REUTERS/Mariana Bazo

International attention has largely focused on Venezuela's fractious political environment and its ongoing macroeconomic unraveling.

But for Venezuelans, day-to-day life has, in recent months, been mostly focused on getting the staples of their diets from the ever more barren shelves of the country's grocery stores.

Dwindling food supplies are just one element of the economic stagnation brought on in Venezuela by the global oil price slump. As foreign income falls, the government has few resources to import food goods. And, as Venezuela's inflation rates reach dizzying heights, what food stuffs are available are priced up, out of the reach of most of the country's residents.

"We are eating worse than before," Liliana Tovar, a Caracas resident, told Reuters in late April. "If we eat breakfast, we don't eat lunch, if we eat lunch, we don't eat dinner, and if we eat dinner, we don't eat breakfast."

Poor and middle-class Venezuela's increasingly rely on the country's state-run food stores, where heavy subsidies keep goods affordable. But what goods are on shelves, what how much there is to go around, is unpredictable.

"You have to get into these never ending lines — all day, five in the morning until three in the afternoon — to see if you get a couple of little bags of flour or some butter," taxi driver Jhonny Mendez, 58, told Reuters in April.

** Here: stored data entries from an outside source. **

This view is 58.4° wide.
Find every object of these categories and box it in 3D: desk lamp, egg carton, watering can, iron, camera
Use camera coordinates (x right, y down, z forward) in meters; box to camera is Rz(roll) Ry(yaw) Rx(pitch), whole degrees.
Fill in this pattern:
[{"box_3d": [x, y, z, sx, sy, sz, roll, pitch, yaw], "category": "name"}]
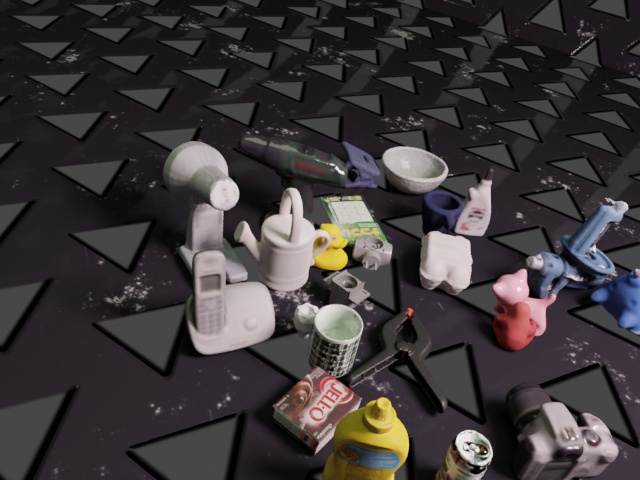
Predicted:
[{"box_3d": [-0.208, -0.054, 1.074, 0.118, 0.213, 0.202, -14, 44, -29], "category": "desk lamp"}, {"box_3d": [0.257, 0.045, 1.179, 0.107, 0.069, 0.150, 12, 37, 2], "category": "egg carton"}, {"box_3d": [-0.067, -0.005, 1.061, 0.173, 0.194, 0.100, -18, 45, -32], "category": "watering can"}, {"box_3d": [0.687, 0.097, 1.156, 0.259, 0.141, 0.118, -8, 41, -22], "category": "iron"}, {"box_3d": [0.354, 0.282, 0.871, 0.143, 0.101, 0.136, 1, 38, -12], "category": "camera"}]

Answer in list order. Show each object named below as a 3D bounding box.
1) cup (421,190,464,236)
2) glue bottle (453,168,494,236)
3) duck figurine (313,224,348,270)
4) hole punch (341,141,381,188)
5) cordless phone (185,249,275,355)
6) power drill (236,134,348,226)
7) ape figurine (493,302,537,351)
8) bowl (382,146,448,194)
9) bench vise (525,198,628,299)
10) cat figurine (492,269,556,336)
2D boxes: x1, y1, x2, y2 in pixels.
[{"box_3d": [0.267, -0.042, 1.272, 0.092, 0.095, 0.117, 2, 38, -11], "category": "cup"}, {"box_3d": [0.356, -0.087, 1.287, 0.078, 0.173, 0.037, 5, 38, -7], "category": "glue bottle"}, {"box_3d": [0.011, 0.004, 1.158, 0.104, 0.086, 0.078, 23, 39, 16], "category": "duck figurine"}, {"box_3d": [0.098, -0.190, 1.425, 0.101, 0.091, 0.108, -2, 39, -16], "category": "hole punch"}, {"box_3d": [-0.144, 0.090, 0.927, 0.148, 0.185, 0.094, -12, 42, -26], "category": "cordless phone"}, {"box_3d": [-0.063, -0.112, 1.189, 0.230, 0.208, 0.075, 5, 38, -7], "category": "power drill"}, {"box_3d": [0.360, 0.151, 1.048, 0.077, 0.092, 0.076, 24, 39, 17], "category": "ape figurine"}, {"box_3d": [0.231, -0.164, 1.437, 0.167, 0.075, 0.167, 7, 37, -5], "category": "bowl"}, {"box_3d": [0.521, 0.025, 1.144, 0.208, 0.220, 0.121, -19, 46, -33], "category": "bench vise"}, {"box_3d": [0.379, 0.110, 1.084, 0.127, 0.118, 0.067, 13, 37, 4], "category": "cat figurine"}]
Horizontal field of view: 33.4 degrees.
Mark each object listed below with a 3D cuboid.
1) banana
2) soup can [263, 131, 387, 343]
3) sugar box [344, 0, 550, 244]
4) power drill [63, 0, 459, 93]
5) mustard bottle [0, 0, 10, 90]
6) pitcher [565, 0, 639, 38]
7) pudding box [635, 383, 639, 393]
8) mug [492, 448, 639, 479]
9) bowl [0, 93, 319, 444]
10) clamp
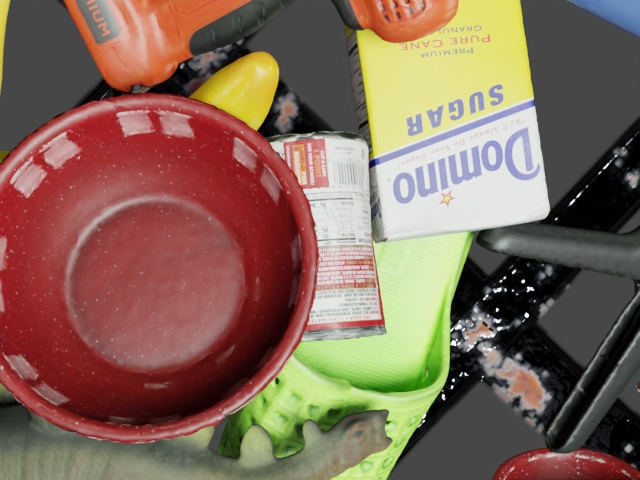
[{"bbox_3d":[-0.098,-0.046,0.553,0.198,0.069,0.037,-13,63,22],"label":"banana"},{"bbox_3d":[-0.004,0.001,0.549,0.068,0.068,0.102,-4,84,-8],"label":"soup can"},{"bbox_3d":[0.064,-0.091,0.574,0.093,0.048,0.176,-9,87,-7],"label":"sugar box"},{"bbox_3d":[-0.044,-0.162,0.515,0.188,0.057,0.184,-16,109,23],"label":"power drill"},{"bbox_3d":[-0.196,-0.091,0.528,0.096,0.058,0.192,16,99,33],"label":"mustard bottle"},{"bbox_3d":[0.248,-0.151,0.577,0.242,0.149,0.145,21,115,-10],"label":"pitcher"},{"bbox_3d":[0.272,0.094,0.674,0.113,0.039,0.090,-40,105,0],"label":"pudding box"},{"bbox_3d":[0.162,0.182,0.657,0.117,0.093,0.081,-16,112,-33],"label":"mug"},{"bbox_3d":[-0.081,0.015,0.503,0.162,0.055,0.162,0,76,0],"label":"bowl"},{"bbox_3d":[0.204,0.033,0.648,0.210,0.036,0.164,-19,114,-9],"label":"clamp"}]
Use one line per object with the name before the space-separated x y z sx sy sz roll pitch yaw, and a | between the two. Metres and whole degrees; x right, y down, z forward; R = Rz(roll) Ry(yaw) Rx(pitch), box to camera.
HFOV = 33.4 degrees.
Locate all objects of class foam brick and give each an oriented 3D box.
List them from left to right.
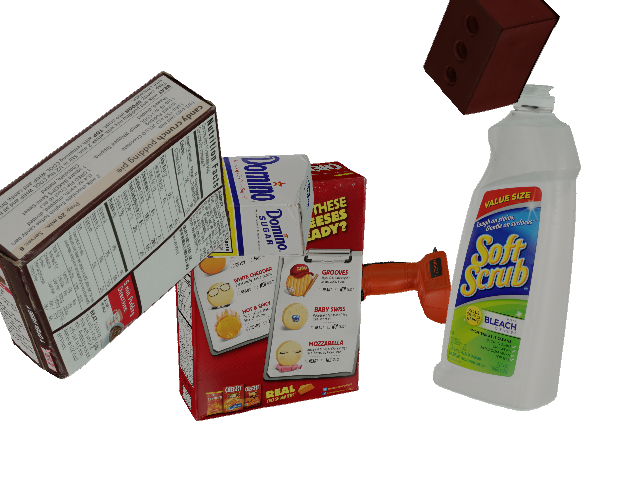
foam brick | 0.112 -0.132 0.714 0.051 0.053 0.078 -18 -33 -29

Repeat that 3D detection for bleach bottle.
bleach bottle | 0.151 0.002 0.850 0.103 0.251 0.067 13 15 41

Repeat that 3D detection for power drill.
power drill | 0.057 0.062 1.241 0.187 0.057 0.184 0 28 4

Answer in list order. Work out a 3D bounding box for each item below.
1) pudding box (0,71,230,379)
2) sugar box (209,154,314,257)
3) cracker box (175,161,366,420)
pudding box | -0.091 -0.006 0.463 0.039 0.090 0.113 32 59 24
sugar box | -0.095 -0.024 0.737 0.176 0.048 0.093 -4 25 5
cracker box | -0.047 0.043 0.972 0.164 0.214 0.072 -7 21 -22
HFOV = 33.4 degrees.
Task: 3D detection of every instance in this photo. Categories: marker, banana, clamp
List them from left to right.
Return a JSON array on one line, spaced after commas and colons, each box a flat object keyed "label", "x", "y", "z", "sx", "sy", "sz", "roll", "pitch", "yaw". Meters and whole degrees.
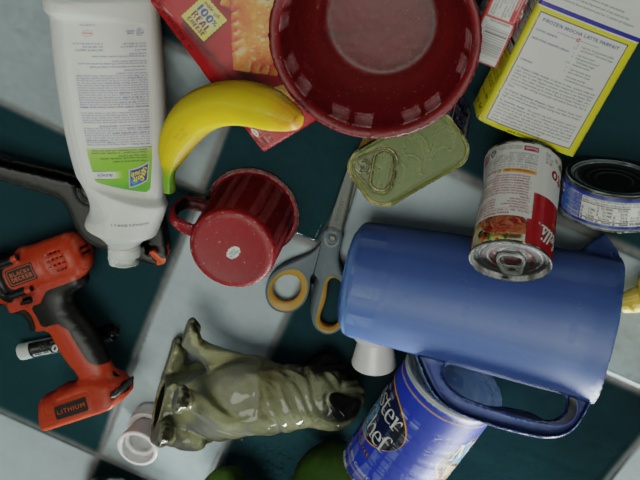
[{"label": "marker", "x": -0.267, "y": 0.108, "z": 1.134, "sx": 0.121, "sy": 0.020, "sz": 0.020, "roll": -13, "pitch": 114, "yaw": 19}, {"label": "clamp", "x": -0.213, "y": -0.063, "z": 1.021, "sx": 0.210, "sy": 0.036, "sz": 0.165, "roll": 42, "pitch": 111, "yaw": -14}, {"label": "banana", "x": -0.084, "y": -0.098, "z": 0.890, "sx": 0.198, "sy": 0.037, "sz": 0.069, "roll": -21, "pitch": 99, "yaw": 50}]

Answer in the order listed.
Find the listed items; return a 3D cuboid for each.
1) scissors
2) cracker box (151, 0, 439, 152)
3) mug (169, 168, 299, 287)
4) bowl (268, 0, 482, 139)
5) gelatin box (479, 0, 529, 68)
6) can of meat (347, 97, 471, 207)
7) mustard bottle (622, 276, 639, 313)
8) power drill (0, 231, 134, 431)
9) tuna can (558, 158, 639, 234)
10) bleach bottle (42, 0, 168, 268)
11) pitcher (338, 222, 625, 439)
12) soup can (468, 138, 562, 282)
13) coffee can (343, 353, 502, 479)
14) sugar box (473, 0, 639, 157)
[{"label": "scissors", "x": -0.007, "y": 0.001, "z": 1.022, "sx": 0.096, "sy": 0.016, "sz": 0.202, "roll": 4, "pitch": 118, "yaw": 9}, {"label": "cracker box", "x": -0.006, "y": -0.195, "z": 0.887, "sx": 0.214, "sy": 0.072, "sz": 0.164, "roll": -28, "pitch": 109, "yaw": 23}, {"label": "mug", "x": -0.084, "y": -0.013, "z": 0.994, "sx": 0.117, "sy": 0.081, "sz": 0.093, "roll": 18, "pitch": 120, "yaw": 2}, {"label": "bowl", "x": 0.044, "y": -0.162, "z": 0.821, "sx": 0.162, "sy": 0.055, "sz": 0.162, "roll": 4, "pitch": 118, "yaw": 8}, {"label": "gelatin box", "x": 0.148, "y": -0.191, "z": 0.854, "sx": 0.030, "sy": 0.073, "sz": 0.089, "roll": 22, "pitch": 119, "yaw": -1}, {"label": "can of meat", "x": 0.080, "y": -0.085, "z": 0.918, "sx": 0.102, "sy": 0.084, "sz": 0.057, "roll": -30, "pitch": 108, "yaw": 24}, {"label": "mustard bottle", "x": 0.359, "y": 0.033, "z": 0.935, "sx": 0.192, "sy": 0.058, "sz": 0.096, "roll": -16, "pitch": 117, "yaw": 20}, {"label": "power drill", "x": -0.287, "y": 0.098, "z": 1.094, "sx": 0.185, "sy": 0.057, "sz": 0.187, "roll": -19, "pitch": 101, "yaw": 23}, {"label": "tuna can", "x": 0.247, "y": -0.039, "z": 0.905, "sx": 0.086, "sy": 0.086, "sz": 0.034, "roll": 7, "pitch": 117, "yaw": 8}, {"label": "bleach bottle", "x": -0.189, "y": -0.095, "z": 0.958, "sx": 0.102, "sy": 0.068, "sz": 0.251, "roll": -1, "pitch": 111, "yaw": -8}, {"label": "pitcher", "x": 0.141, "y": 0.068, "z": 0.957, "sx": 0.243, "sy": 0.149, "sz": 0.145, "roll": 11, "pitch": 131, "yaw": 10}, {"label": "soup can", "x": 0.164, "y": -0.025, "z": 0.893, "sx": 0.068, "sy": 0.102, "sz": 0.068, "roll": 10, "pitch": 153, "yaw": 5}, {"label": "coffee can", "x": 0.098, "y": 0.183, "z": 1.046, "sx": 0.103, "sy": 0.102, "sz": 0.140, "roll": 28, "pitch": 120, "yaw": -3}, {"label": "sugar box", "x": 0.204, "y": -0.163, "z": 0.868, "sx": 0.093, "sy": 0.048, "sz": 0.176, "roll": 19, "pitch": 118, "yaw": -11}]

"It makes a person want to cry."

People buy food and other staple goods inside a supermarket in Caracas, Venezuela, June 30, 2016.

REUTERS/Mariana Bazo

According to a recent study, 87% of Venezuelans say their income is now insufficient to purchase their food needs.

Shoppers routinely spend hours in lines to buy staples such as corn flour and laundry soap, turning lines into sites of shoving matches and now more frequent attempts to plunder shops.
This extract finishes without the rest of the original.